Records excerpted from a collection
*** Block opens ***

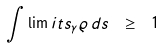<formula> <loc_0><loc_0><loc_500><loc_500>\int \lim i t s _ { \gamma } \varrho \, d s \ \geq \ 1</formula> 
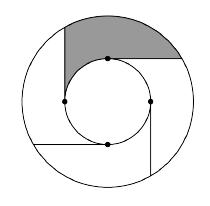How is the shaded region affected if the number of tangent rays doubles? Doubling the number of tangent rays to eight would split each of the current segments into two smaller, equal segments. This increases the resolution of the regions, but fundamentally, it would maintain the proportion of the shaded to unshaded regions since the alternation pattern of shaded and unshaded areas would also double. Consequently, doubling the rays retains the shaded area still at $12\pi$, as the new segments would divide existing areas more finely but keep the overall pattern. 
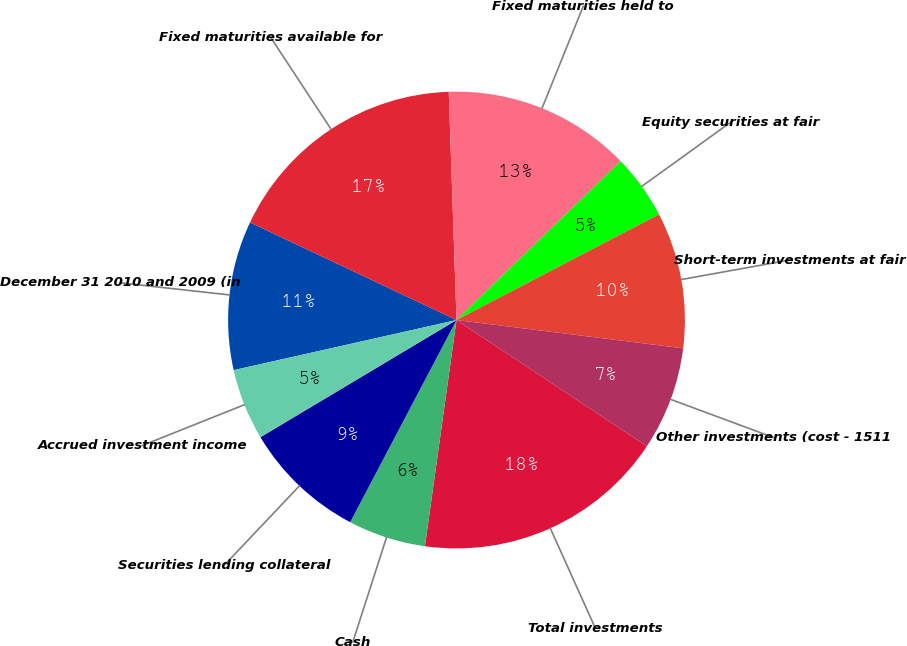Convert chart to OTSL. <chart><loc_0><loc_0><loc_500><loc_500><pie_chart><fcel>December 31 2010 and 2009 (in<fcel>Fixed maturities available for<fcel>Fixed maturities held to<fcel>Equity securities at fair<fcel>Short-term investments at fair<fcel>Other investments (cost - 1511<fcel>Total investments<fcel>Cash<fcel>Securities lending collateral<fcel>Accrued investment income<nl><fcel>10.55%<fcel>17.43%<fcel>13.3%<fcel>4.59%<fcel>9.63%<fcel>7.34%<fcel>17.89%<fcel>5.5%<fcel>8.72%<fcel>5.05%<nl></chart> 
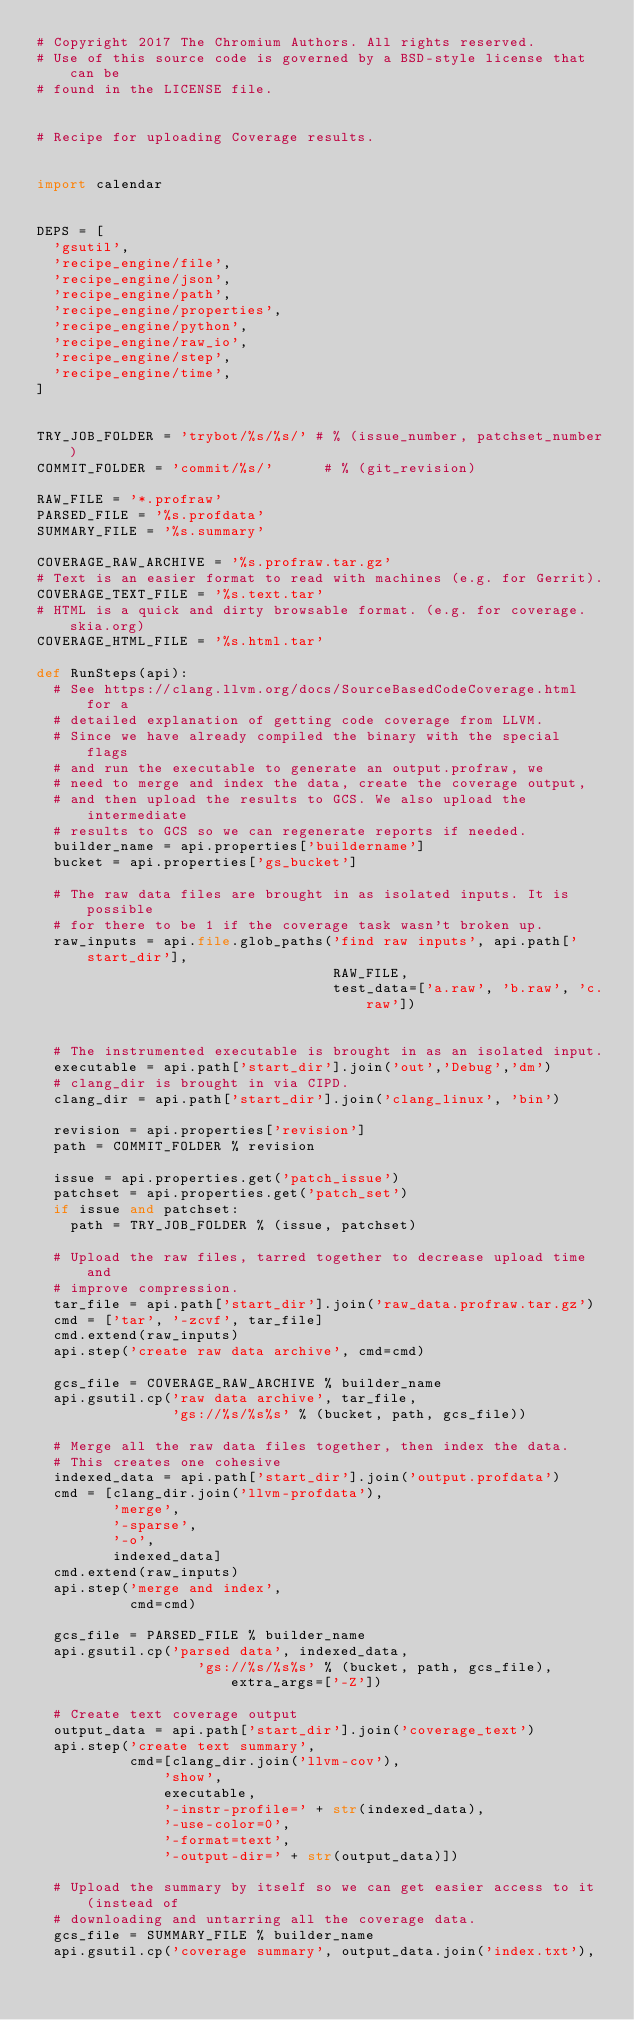Convert code to text. <code><loc_0><loc_0><loc_500><loc_500><_Python_># Copyright 2017 The Chromium Authors. All rights reserved.
# Use of this source code is governed by a BSD-style license that can be
# found in the LICENSE file.


# Recipe for uploading Coverage results.


import calendar


DEPS = [
  'gsutil',
  'recipe_engine/file',
  'recipe_engine/json',
  'recipe_engine/path',
  'recipe_engine/properties',
  'recipe_engine/python',
  'recipe_engine/raw_io',
  'recipe_engine/step',
  'recipe_engine/time',
]


TRY_JOB_FOLDER = 'trybot/%s/%s/' # % (issue_number, patchset_number)
COMMIT_FOLDER = 'commit/%s/'      # % (git_revision)

RAW_FILE = '*.profraw'
PARSED_FILE = '%s.profdata'
SUMMARY_FILE = '%s.summary'

COVERAGE_RAW_ARCHIVE = '%s.profraw.tar.gz'
# Text is an easier format to read with machines (e.g. for Gerrit).
COVERAGE_TEXT_FILE = '%s.text.tar'
# HTML is a quick and dirty browsable format. (e.g. for coverage.skia.org)
COVERAGE_HTML_FILE = '%s.html.tar'

def RunSteps(api):
  # See https://clang.llvm.org/docs/SourceBasedCodeCoverage.html for a
  # detailed explanation of getting code coverage from LLVM.
  # Since we have already compiled the binary with the special flags
  # and run the executable to generate an output.profraw, we
  # need to merge and index the data, create the coverage output,
  # and then upload the results to GCS. We also upload the intermediate
  # results to GCS so we can regenerate reports if needed.
  builder_name = api.properties['buildername']
  bucket = api.properties['gs_bucket']

  # The raw data files are brought in as isolated inputs. It is possible
  # for there to be 1 if the coverage task wasn't broken up.
  raw_inputs = api.file.glob_paths('find raw inputs', api.path['start_dir'],
                                   RAW_FILE,
                                   test_data=['a.raw', 'b.raw', 'c.raw'])


  # The instrumented executable is brought in as an isolated input.
  executable = api.path['start_dir'].join('out','Debug','dm')
  # clang_dir is brought in via CIPD.
  clang_dir = api.path['start_dir'].join('clang_linux', 'bin')

  revision = api.properties['revision']
  path = COMMIT_FOLDER % revision

  issue = api.properties.get('patch_issue')
  patchset = api.properties.get('patch_set')
  if issue and patchset:
    path = TRY_JOB_FOLDER % (issue, patchset)

  # Upload the raw files, tarred together to decrease upload time and
  # improve compression.
  tar_file = api.path['start_dir'].join('raw_data.profraw.tar.gz')
  cmd = ['tar', '-zcvf', tar_file]
  cmd.extend(raw_inputs)
  api.step('create raw data archive', cmd=cmd)

  gcs_file = COVERAGE_RAW_ARCHIVE % builder_name
  api.gsutil.cp('raw data archive', tar_file,
                'gs://%s/%s%s' % (bucket, path, gcs_file))

  # Merge all the raw data files together, then index the data.
  # This creates one cohesive
  indexed_data = api.path['start_dir'].join('output.profdata')
  cmd = [clang_dir.join('llvm-profdata'),
         'merge',
         '-sparse',
         '-o',
         indexed_data]
  cmd.extend(raw_inputs)
  api.step('merge and index',
           cmd=cmd)

  gcs_file = PARSED_FILE % builder_name
  api.gsutil.cp('parsed data', indexed_data,
                   'gs://%s/%s%s' % (bucket, path, gcs_file), extra_args=['-Z'])

  # Create text coverage output
  output_data = api.path['start_dir'].join('coverage_text')
  api.step('create text summary',
           cmd=[clang_dir.join('llvm-cov'),
               'show',
               executable,
               '-instr-profile=' + str(indexed_data),
               '-use-color=0',
               '-format=text',
               '-output-dir=' + str(output_data)])

  # Upload the summary by itself so we can get easier access to it (instead of
  # downloading and untarring all the coverage data.
  gcs_file = SUMMARY_FILE % builder_name
  api.gsutil.cp('coverage summary', output_data.join('index.txt'),</code>

*** Block closes ***

Set out exactly the run of lines that begins at the line holding "# Upload the summary" and ends at the last line of the data.

REPLY →
  # Upload the summary by itself so we can get easier access to it (instead of
  # downloading and untarring all the coverage data.
  gcs_file = SUMMARY_FILE % builder_name
  api.gsutil.cp('coverage summary', output_data.join('index.txt'),</code>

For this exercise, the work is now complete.